The following is from "modinfo forcedeth":

filename:       /lib/modules/2.6.21-rc2/kernel/drivers/net/forcedeth.ko
license:        GPL
description:    Reverse Engineered nForce ethernet driver
author:         Manfred Spraul <manfred@colorfullife.com>
alias:          pci:v000010DEd0000054Fsv*sd*bc*sc*i*
alias:          pci:v000010DEd0000054Esv*sd*bc*sc*i*
alias:          pci:v000010DEd0000054Dsv*sd*bc*sc*i*
alias:          pci:v000010DEd0000054Csv*sd*bc*sc*i*
alias:          pci:v000010DEd00000453sv*sd*bc*sc*i*
alias:          pci:v000010DEd00000452sv*sd*bc*sc*i*
alias:          pci:v000010DEd00000451sv*sd*bc*sc*i*
alias:          pci:v000010DEd00000450sv*sd*bc*sc*i*
alias:          pci:v000010DEd000003EFsv*sd*bc*sc*i*
alias:          pci:v000010DEd000003EEsv*sd*bc*sc*i*
alias:          pci:v000010DEd000003E6sv*sd*bc*sc*i*
alias:          pci:v000010DEd000003E5sv*sd*bc*sc*i*
alias:          pci:v000010DEd00000373sv*sd*bc*sc*i*
alias:          pci:v000010DEd00000372sv*sd*bc*sc*i*
alias:          pci:v000010DEd00000269sv*sd*bc*sc*i*
alias:          pci:v000010DEd00000268sv*sd*bc*sc*i*
alias:          pci:v000010DEd00000038sv*sd*bc*sc*i*
alias:          pci:v000010DEd00000037sv*sd*bc*sc*i*
alias:          pci:v000010DEd00000057sv*sd*bc*sc*i*
alias:          pci:v000010DEd00000056sv*sd*bc*sc*i*
alias:          pci:v000010DEd000000DFsv*sd*bc*sc*i*
alias:          pci:v000010DEd000000E6sv*sd*bc*sc*i*
alias:          pci:v000010DEd0000008Csv*sd*bc*sc*i*
alias:          pci:v000010DEd00000086sv*sd*bc*sc*i*
alias:          pci:v000010DEd000000D6sv*sd*bc*sc*i*
alias:          pci:v000010DEd00000066sv*sd*bc*sc*i*
alias:          pci:v000010DEd000001C3sv*sd*bc*sc*i*
depends:        
vermagic:       2.6.20.1 SMP preempt mod_unload K8 
parm:           max_interrupt_work:forcedeth maximum events handled per
interrupt (int)
parm:           optimization_mode:In throughput mode (0), every tx & rx packet
will generate an interrupt. In CPU mode (1), interrupts are controlled by a
timer. (int)
parm:           poll_interval:Interval determines how frequent timer interrupt
is generated by [(time_in_micro_secs * 100) / (2^10)]. Min is 0 and Max is
65535. (int)
parm:           msi:MSI interrupts are enabled by setting to 1 and disabled by
setting to 0. (int)
parm:           msix:MSIX interrupts are enabled by setting to 1 and disabled by
setting to 0. (int)
parm:           dma_64bit:High DMA is enabled by setting to 1 and disabled by
setting to 0. (int)


Comment 11 Albert Hopkins 2007-03-07 14:39:23 UTC
Created attachment 10644 [details]
Kernel Oops in 2.6.21-rc3

I downloaded the rc3 patch today and installed it.  Basically the same thing
happens.  I'll stream a video over NFS, it'll play for maybe a minute then
oops.

No problems however with the 2.6.21-rc* Yukon driver or the 2.6.20 forcedeth
one.

This oops looks like it didn't get a chance to finish writing to the console.
Comment 12 Ayaz Abdulla 2007-03-11 20:39:38 UTC
Created attachment 10704 [details]
Fixed calling the interrupt routine based on descriptor version.

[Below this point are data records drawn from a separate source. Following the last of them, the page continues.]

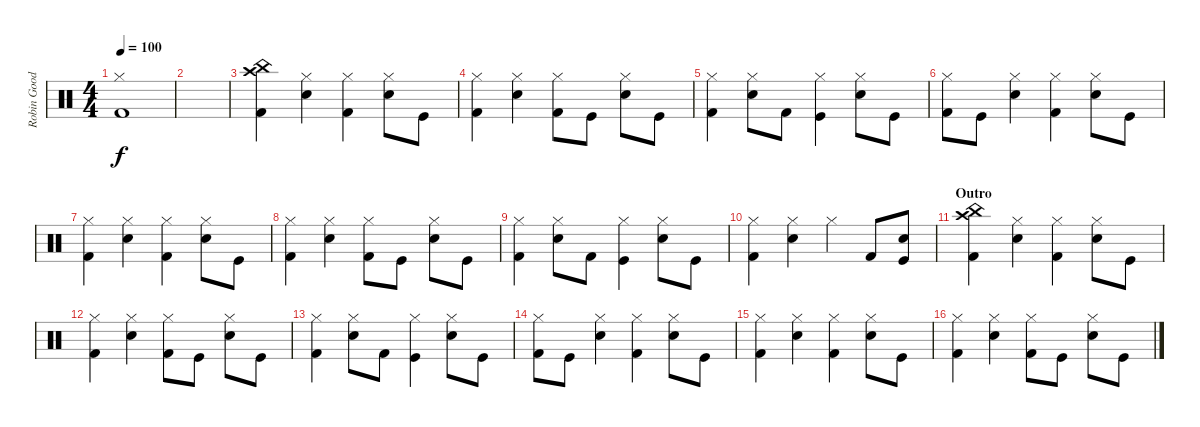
\track ("Robin Goodridge - Drums " "Robin Good") {instrument percussion}
\staff {score}
\articulation defaults
\ts (4 4)
\tempo 100
\clef neutral
\ks c
("Hi-Hat (closed)" "Kick (hit) 2").1{dy f} |
|
("Crash high (hit)" "China (hit)" "Kick (hit) 2").4 ("Hi-Hat (closed)" "Snare (hit) 2").4 ("Hi-Hat (closed)" "Kick (hit) 2").4 ("Hi-Hat (closed)" "Snare (hit) 2").8 "Kick (hit)".8 |
("Hi-Hat (closed)" "Kick (hit) 2").4 ("Hi-Hat (closed)" "Snare (hit) 2").4 ("Hi-Hat (closed)" "Kick (hit) 2").8 "Kick (hit)".8 ("Hi-Hat (closed)" "Snare (hit) 2").8 "Kick (hit)".8 |
("Hi-Hat (closed)" "Kick (hit) 2").4 ("Hi-Hat (closed)" "Snare (hit) 2").8 "Kick (hit) 2".8 ("Hi-Hat (closed)" "Kick (hit)").4 ("Hi-Hat (closed)" "Snare (hit) 2").8 "Kick (hit)".8 |
("Hi-Hat (closed)" "Kick (hit) 2").8 "Kick (hit)".8 ("Hi-Hat (closed)" "Snare (hit) 2").4 ("Hi-Hat (closed)" "Kick (hit) 2").4 ("Hi-Hat (closed)" "Snare (hit) 2").8 "Kick (hit)".8 |
("Hi-Hat (closed)" "Kick (hit) 2").4 ("Hi-Hat (closed)" "Snare (hit) 2").4 ("Hi-Hat (closed)" "Kick (hit) 2").4 ("Hi-Hat (closed)" "Snare (hit) 2").8 "Kick (hit)".8 |
("Hi-Hat (closed)" "Kick (hit) 2").4 ("Hi-Hat (closed)" "Snare (hit) 2").4 ("Hi-Hat (closed)" "Kick (hit) 2").8 "Kick (hit)".8 ("Hi-Hat (closed)" "Snare (hit) 2").8 "Kick (hit)".8 |
("Hi-Hat (closed)" "Kick (hit) 2").4 ("Hi-Hat (closed)" "Snare (hit) 2").8 "Kick (hit) 2".8 ("Hi-Hat (closed)" "Kick (hit)").4 ("Hi-Hat (closed)" "Snare (hit) 2").8 "Kick (hit)".8 |
("Hi-Hat (closed)" "Kick (hit) 2").4 ("Hi-Hat (closed)" "Snare (hit) 2").4 "Hi-Hat (closed)".4 "Kick (hit) 2".8 ("Snare (hit) 2" "Kick (hit)").8 |
\section ("" "Outro")
("Crash high (hit)" "China (hit)" "Kick (hit) 2").4 ("Hi-Hat (closed)" "Snare (hit) 2").4 ("Hi-Hat (closed)" "Kick (hit) 2").4 ("Hi-Hat (closed)" "Snare (hit) 2").8 "Kick (hit)".8 |
("Hi-Hat (closed)" "Kick (hit) 2").4 ("Hi-Hat (closed)" "Snare (hit) 2").4 ("Hi-Hat (closed)" "Kick (hit) 2").8 "Kick (hit)".8 ("Hi-Hat (closed)" "Snare (hit) 2").8 "Kick (hit)".8 |
("Hi-Hat (closed)" "Kick (hit) 2").4 ("Hi-Hat (closed)" "Snare (hit) 2").8 "Kick (hit) 2".8 ("Hi-Hat (closed)" "Kick (hit)").4 ("Hi-Hat (closed)" "Snare (hit) 2").8 "Kick (hit)".8 |
("Hi-Hat (closed)" "Kick (hit) 2").8 "Kick (hit)".8 ("Hi-Hat (closed)" "Snare (hit) 2").4 ("Hi-Hat (closed)" "Kick (hit) 2").4 ("Hi-Hat (closed)" "Snare (hit) 2").8 "Kick (hit)".8 |
("Hi-Hat (closed)" "Kick (hit) 2").4 ("Hi-Hat (closed)" "Snare (hit) 2").4 ("Hi-Hat (closed)" "Kick (hit) 2").4 ("Hi-Hat (closed)" "Snare (hit) 2").8 "Kick (hit)".8 |
("Hi-Hat (closed)" "Kick (hit) 2").4 ("Hi-Hat (closed)" "Snare (hit) 2").4 ("Hi-Hat (closed)" "Kick (hit) 2").8 "Kick (hit)".8 ("Hi-Hat (closed)" "Snare (hit) 2").8 "Kick (hit)".8

Please try out this patch and let me know if it fixes this issue.
Comment 13 Ayaz Abdulla 2007-03-20 12:09:12 UTC
Albert, could you please try out the new patch? Thanks.
Comment 14 Albert Hopkins 2007-03-21 06:17:59 UTC
Sorry, I've been busy.  Will try to look at the patch today.
Comment 15 Albert Hopkins 2007-03-22 11:13:26 UTC
Applied the patch against 2.6.21-rc4.  So far after ~2 hours streaming via NFS
there have been no oopses.  However, I am getting a multitude of the following
kernel message:

eth0: too many iterations (6) in nv_nic_irq.
Comment 16 Ayaz Abdulla 2007-03-22 12:20:40 UTC
Great!

Those messages are benign. You can bump up the module parameter 
max_interrupt_work to a value of 10 for example. It just means that there is 
alot of traffic flowing.
Comment 17 Albert Hopkins 2007-03-22 13:49:01 UTC
Ok, thanks.  In that case feel free to close this one out whenever.